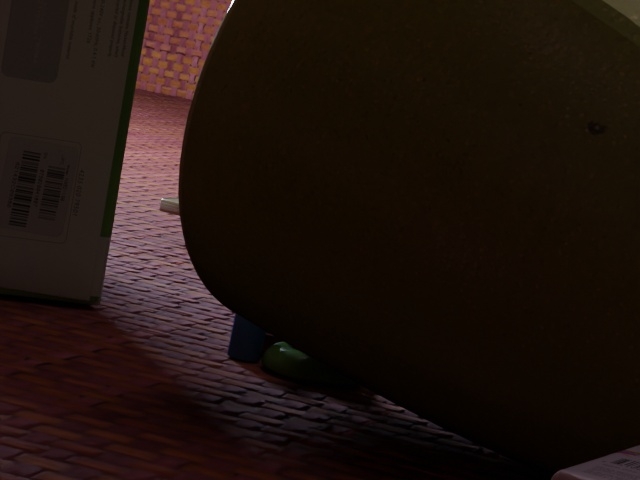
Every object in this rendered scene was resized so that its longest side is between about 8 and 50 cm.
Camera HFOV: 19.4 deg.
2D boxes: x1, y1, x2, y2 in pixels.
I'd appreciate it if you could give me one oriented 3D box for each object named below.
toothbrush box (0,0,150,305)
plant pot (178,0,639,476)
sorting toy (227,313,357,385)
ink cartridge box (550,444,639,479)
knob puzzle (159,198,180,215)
[{"bbox_3d":[-0.201,-0.093,1.099,0.122,0.206,0.283,8,6,-23],"label":"toothbrush box"},{"bbox_3d":[0.139,-0.005,0.782,0.293,0.275,0.275,37,20,33],"label":"plant pot"},{"bbox_3d":[-0.015,0.042,0.950,0.061,0.042,0.102,8,7,-24],"label":"sorting toy"},{"bbox_3d":[0.133,0.103,0.612,0.088,0.052,0.122,14,9,28],"label":"ink cartridge box"},{"bbox_3d":[0.000,0.000,1.404,0.213,0.030,0.213,10,6,-1],"label":"knob puzzle"}]
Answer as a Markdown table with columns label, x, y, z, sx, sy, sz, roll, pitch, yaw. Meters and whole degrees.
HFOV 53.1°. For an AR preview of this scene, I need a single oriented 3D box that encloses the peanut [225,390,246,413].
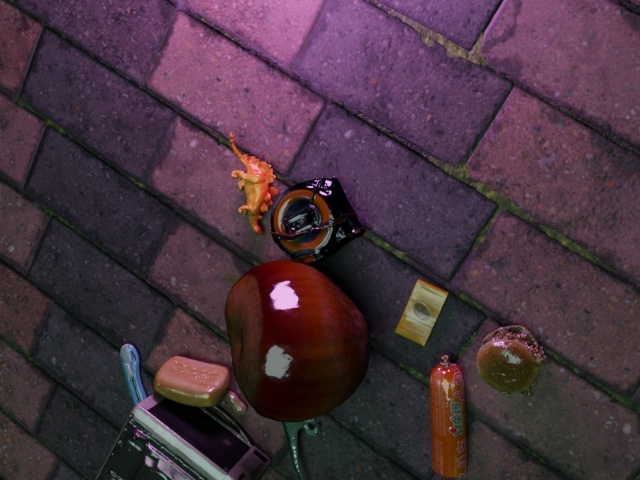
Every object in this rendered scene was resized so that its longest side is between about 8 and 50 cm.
| label | x | y | z | sx | sy | sz | roll | pitch | yaw |
| --- | --- | --- | --- | --- | --- | --- | --- | --- | --- |
| peanut | -0.248 | 0.472 | 1.873 | 0.037 | 0.037 | 0.083 | -39 | 82 | 22 |

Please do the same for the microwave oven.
| label | x | y | z | sx | sy | sz | roll | pitch | yaw |
| --- | --- | --- | --- | --- | --- | --- | --- | --- | --- |
| microwave oven | -0.397 | 0.662 | 1.851 | 0.394 | 0.247 | 0.333 | 34 | 109 | 10 |

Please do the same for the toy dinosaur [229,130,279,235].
| label | x | y | z | sx | sy | sz | roll | pitch | yaw |
| --- | --- | --- | --- | --- | --- | --- | --- | --- | --- |
| toy dinosaur | -0.171 | -0.153 | 1.706 | 0.117 | 0.070 | 0.288 | -6 | 103 | 10 |

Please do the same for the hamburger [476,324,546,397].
| label | x | y | z | sx | sy | sz | roll | pitch | yaw |
| --- | --- | --- | --- | --- | --- | --- | --- | --- | --- |
| hamburger | 0.458 | 0.298 | 1.536 | 0.159 | 0.131 | 0.185 | -33 | 92 | 26 |

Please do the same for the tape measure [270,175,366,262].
| label | x | y | z | sx | sy | sz | roll | pitch | yaw |
| --- | --- | --- | --- | --- | --- | --- | --- | --- | --- |
| tape measure | -0.019 | -0.050 | 1.617 | 0.223 | 0.135 | 0.202 | -30 | 79 | 18 |

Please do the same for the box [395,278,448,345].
| label | x | y | z | sx | sy | sz | roll | pitch | yaw |
| --- | --- | --- | --- | --- | --- | --- | --- | --- | --- |
| box | 0.258 | 0.185 | 1.643 | 0.087 | 0.023 | 0.155 | 26 | 108 | 16 |

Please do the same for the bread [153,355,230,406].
| label | x | y | z | sx | sy | sz | roll | pitch | yaw |
| --- | --- | --- | --- | --- | --- | --- | --- | --- | --- |
| bread | -0.368 | 0.414 | 1.849 | 0.217 | 0.147 | 0.098 | 13 | 127 | 17 |

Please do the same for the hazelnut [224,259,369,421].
| label | x | y | z | sx | sy | sz | roll | pitch | yaw |
| --- | --- | --- | --- | --- | --- | --- | --- | --- | --- |
| hazelnut | -0.064 | 0.246 | 1.577 | 0.359 | 0.409 | 0.359 | -6 | 133 | -6 |

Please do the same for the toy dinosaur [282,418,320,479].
| label | x | y | z | sx | sy | sz | roll | pitch | yaw |
| --- | --- | --- | --- | --- | --- | --- | --- | --- | --- |
| toy dinosaur | -0.045 | 0.533 | 1.790 | 0.129 | 0.076 | 0.383 | -13 | 89 | 31 |

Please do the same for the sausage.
| label | x | y | z | sx | sy | sz | roll | pitch | yaw |
| --- | --- | --- | --- | --- | --- | --- | --- | --- | --- |
| sausage | 0.327 | 0.442 | 1.632 | 0.093 | 0.093 | 0.312 | 0 | 101 | 20 |

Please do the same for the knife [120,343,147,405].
| label | x | y | z | sx | sy | sz | roll | pitch | yaw |
| --- | --- | --- | --- | --- | --- | --- | --- | --- | --- |
| knife | -0.575 | 0.426 | 1.981 | 0.064 | 0.031 | 0.222 | -10 | 97 | 17 |
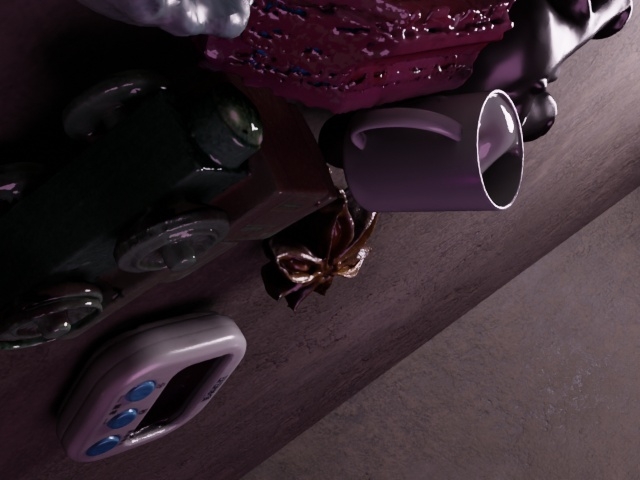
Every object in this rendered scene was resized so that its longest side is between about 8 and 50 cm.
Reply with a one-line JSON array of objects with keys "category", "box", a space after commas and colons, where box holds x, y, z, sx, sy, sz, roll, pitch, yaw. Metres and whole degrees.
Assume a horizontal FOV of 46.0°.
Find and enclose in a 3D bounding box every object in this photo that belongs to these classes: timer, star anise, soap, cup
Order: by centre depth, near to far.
[{"category": "soap", "box": [0.013, -0.189, 0.566, 0.250, 0.162, 0.099, -18, 159, -41]}, {"category": "cup", "box": [0.090, -0.086, 0.640, 0.136, 0.133, 0.099, 55, 50, -38]}, {"category": "star anise", "box": [-0.001, -0.003, 1.024, 0.214, 0.099, 0.220, -46, 158, -21]}, {"category": "timer", "box": [-0.238, 0.201, 1.056, 0.237, 0.087, 0.262, -11, 147, -50]}]

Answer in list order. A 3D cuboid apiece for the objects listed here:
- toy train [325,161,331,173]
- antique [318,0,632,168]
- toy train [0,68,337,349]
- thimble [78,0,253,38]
[{"category": "toy train", "box": [-0.086, -0.049, 0.837, 0.249, 0.053, 0.085, -24, 149, -34]}, {"category": "antique", "box": [0.146, -0.169, 0.802, 0.255, 0.185, 0.322, -26, 156, -48]}, {"category": "toy train", "box": [-0.147, -0.020, 0.617, 0.304, 0.150, 0.221, -29, 168, 24]}, {"category": "thimble", "box": [-0.075, -0.206, 0.306, 0.205, 0.172, 0.250, -48, 170, -23]}]
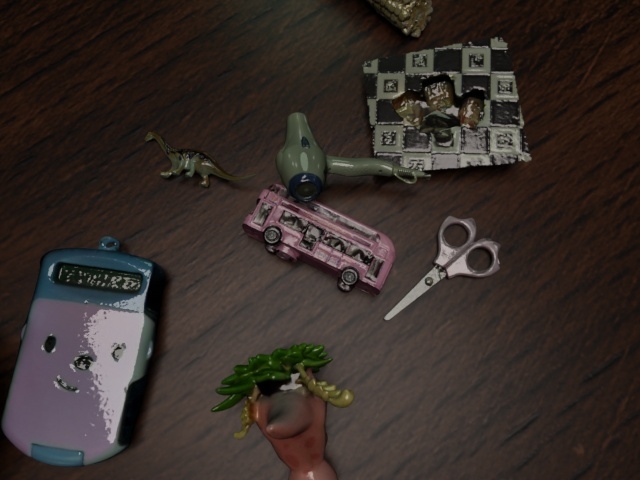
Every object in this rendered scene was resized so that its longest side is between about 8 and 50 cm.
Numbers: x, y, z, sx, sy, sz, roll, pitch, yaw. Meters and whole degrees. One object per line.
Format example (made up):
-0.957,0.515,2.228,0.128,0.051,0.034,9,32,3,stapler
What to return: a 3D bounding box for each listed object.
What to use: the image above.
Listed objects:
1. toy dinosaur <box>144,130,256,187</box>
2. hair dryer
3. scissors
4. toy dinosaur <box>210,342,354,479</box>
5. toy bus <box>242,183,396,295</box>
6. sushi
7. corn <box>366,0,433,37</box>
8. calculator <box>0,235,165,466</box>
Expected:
-0.178,-0.102,0.770,0.180,0.037,0.058,24,83,6,toy dinosaur
0.030,-0.125,0.750,0.199,0.067,0.167,-9,48,-18,hair dryer
0.158,0.047,0.751,0.189,0.015,0.100,-40,79,-7,scissors
-0.042,0.227,0.639,0.152,0.194,0.177,-12,56,-12,toy dinosaur
0.000,0.000,0.736,0.203,0.063,0.090,25,75,3,toy bus
0.174,-0.183,0.789,0.210,0.040,0.192,-7,78,5,sushi
0.083,-0.396,0.816,0.087,0.087,0.211,-44,80,-9,corn
-0.298,0.136,0.707,0.173,0.051,0.293,7,77,3,calculator
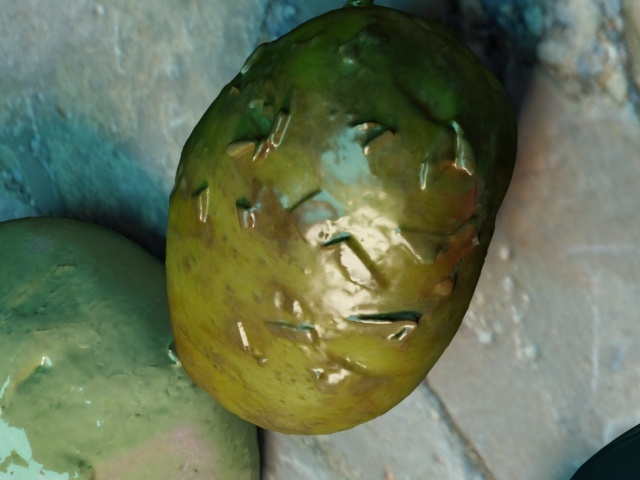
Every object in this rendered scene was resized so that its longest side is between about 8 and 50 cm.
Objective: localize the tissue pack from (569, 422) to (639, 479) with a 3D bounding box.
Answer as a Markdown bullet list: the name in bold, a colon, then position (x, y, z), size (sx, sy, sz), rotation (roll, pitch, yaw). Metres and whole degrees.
- **tissue pack**: position (0.235, 0.144, 0.804), size (0.287, 0.206, 0.198), rotation (-29, 97, 50)

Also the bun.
- **bun**: position (-0.186, 0.134, 1.222), size (0.293, 0.187, 0.293), rotation (25, 127, 38)

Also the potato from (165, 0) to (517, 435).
- **potato**: position (0.000, 0.000, 1.004), size (0.176, 0.141, 0.298), rotation (53, 137, 26)
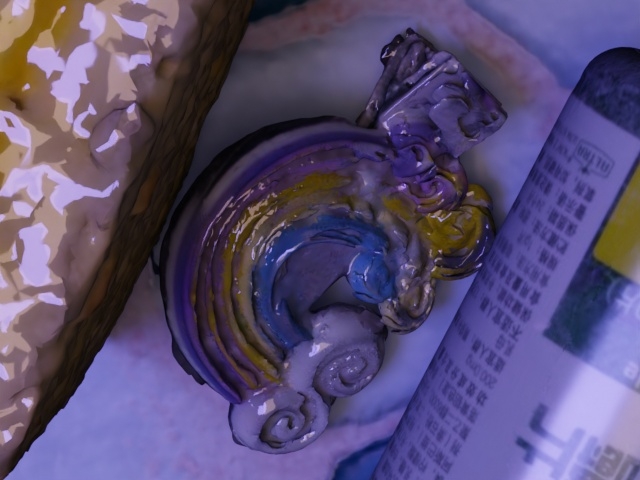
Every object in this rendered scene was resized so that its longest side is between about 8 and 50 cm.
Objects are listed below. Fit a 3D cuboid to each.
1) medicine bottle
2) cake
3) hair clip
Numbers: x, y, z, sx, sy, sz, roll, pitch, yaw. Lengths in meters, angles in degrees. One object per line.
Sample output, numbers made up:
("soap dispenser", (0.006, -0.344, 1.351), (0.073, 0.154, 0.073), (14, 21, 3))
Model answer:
("medicine bottle", (0.097, 0.086, 0.709), (0.141, 0.141, 0.293), (27, 102, 0))
("cake", (-0.177, -0.087, 0.662), (0.286, 0.227, 0.222), (24, 97, -1))
("hair clip", (0.000, 0.000, 0.742), (0.116, 0.049, 0.172), (38, 95, -27))
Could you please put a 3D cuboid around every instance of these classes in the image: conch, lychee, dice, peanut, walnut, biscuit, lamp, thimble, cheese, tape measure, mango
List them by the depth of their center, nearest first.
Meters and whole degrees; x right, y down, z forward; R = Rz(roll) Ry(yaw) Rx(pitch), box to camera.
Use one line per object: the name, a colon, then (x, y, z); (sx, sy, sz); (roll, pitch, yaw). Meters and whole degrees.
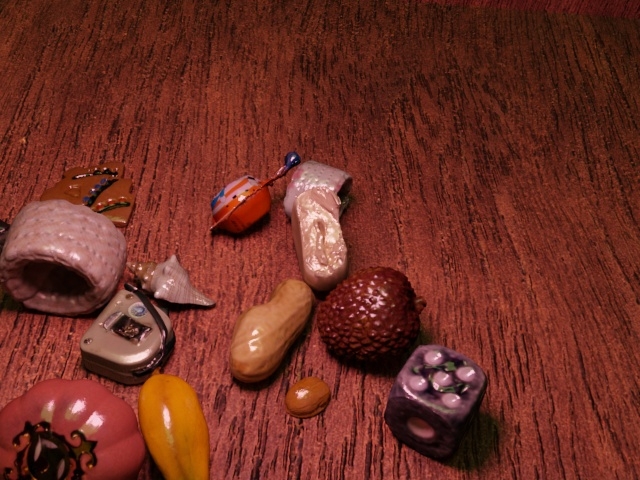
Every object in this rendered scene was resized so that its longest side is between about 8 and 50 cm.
lamp: (-0.501, 0.421, 1.467); (0.306, 0.239, 0.305); (0, 89, -2)
mango: (-0.304, 0.410, 1.551); (0.119, 0.176, 0.316); (-25, 57, 5)
dice: (0.258, 0.356, 1.643); (0.181, 0.182, 0.183); (26, 50, 19)
walnut: (-0.029, 0.358, 1.710); (0.121, 0.052, 0.091); (-31, 57, -29)
tape measure: (-0.443, 0.220, 1.772); (0.207, 0.115, 0.235); (16, 45, 14)
lychee: (0.124, 0.183, 1.784); (0.271, 0.236, 0.236); (-21, 44, 9)
peanut: (-0.123, 0.208, 1.796); (0.148, 0.147, 0.319); (22, 49, 17)
thimble: (-0.644, 0.051, 1.822); (0.292, 0.291, 0.195); (5, 47, 0)
conch: (-0.392, 0.100, 1.885); (0.234, 0.114, 0.137); (17, 16, 23)
cheese: (0.000, 0.000, 1.925); (0.127, 0.233, 0.266); (-10, 70, -8)
cheese: (-0.186, -0.131, 2.083); (0.329, 0.217, 0.129); (-40, 93, -2)
thimble: (-0.004, -0.132, 2.136); (0.149, 0.185, 0.211); (22, 18, 14)
biscuit: (-0.653, -0.135, 2.168); (0.301, 0.043, 0.278); (34, 51, 27)

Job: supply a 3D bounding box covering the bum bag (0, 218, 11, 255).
bum bag: (-0.893, -0.013, 1.987); (0.341, 0.095, 0.144); (27, 33, 20)
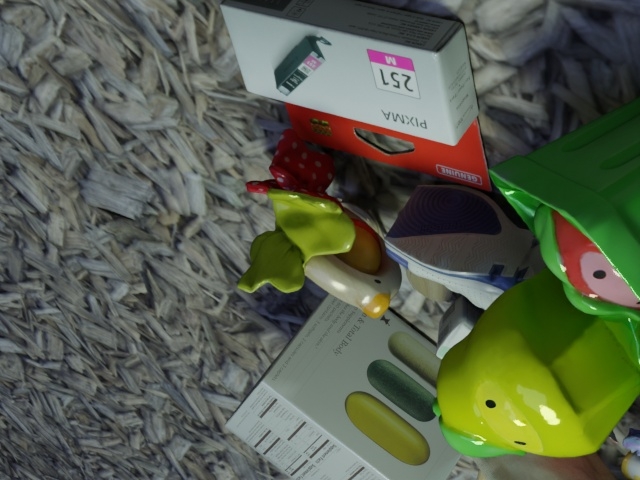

--------------------------------

§ **REQUIRED WORK**:
Only the lines starting at the one with "- toy train [325,161,331,173]" and ending at the one with "8. calculator <box>0,235,165,466</box>" should be printed, each exactly as it appears in the material above; the pictures are to be omitted.

§ **SOLUTION TO THE PROBLEM**:
- toy train [325,161,331,173]
- antique [318,0,632,168]
- toy train [0,68,337,349]
- thimble [78,0,253,38]
[{"category": "toy train", "box": [-0.086, -0.049, 0.837, 0.249, 0.053, 0.085, -24, 149, -34]}, {"category": "antique", "box": [0.146, -0.169, 0.802, 0.255, 0.185, 0.322, -26, 156, -48]}, {"category": "toy train", "box": [-0.147, -0.020, 0.617, 0.304, 0.150, 0.221, -29, 168, 24]}, {"category": "thimble", "box": [-0.075, -0.206, 0.306, 0.205, 0.172, 0.250, -48, 170, -23]}]
Every object in this rendered scene was resized so that its longest side is between about 8 and 50 cm.
Numbers: x, y, z, sx, sy, sz, roll, pitch, yaw. Meters and whole degrees. One object per line.
Format example (made up):
-0.957,0.515,2.228,0.128,0.051,0.034,9,32,3,stapler
What to return: a 3D bounding box for each listed object.
What to use: the image above.
Listed objects:
1. toy dinosaur <box>144,130,256,187</box>
2. hair dryer
3. scissors
4. toy dinosaur <box>210,342,354,479</box>
5. toy bus <box>242,183,396,295</box>
6. sushi
7. corn <box>366,0,433,37</box>
8. calculator <box>0,235,165,466</box>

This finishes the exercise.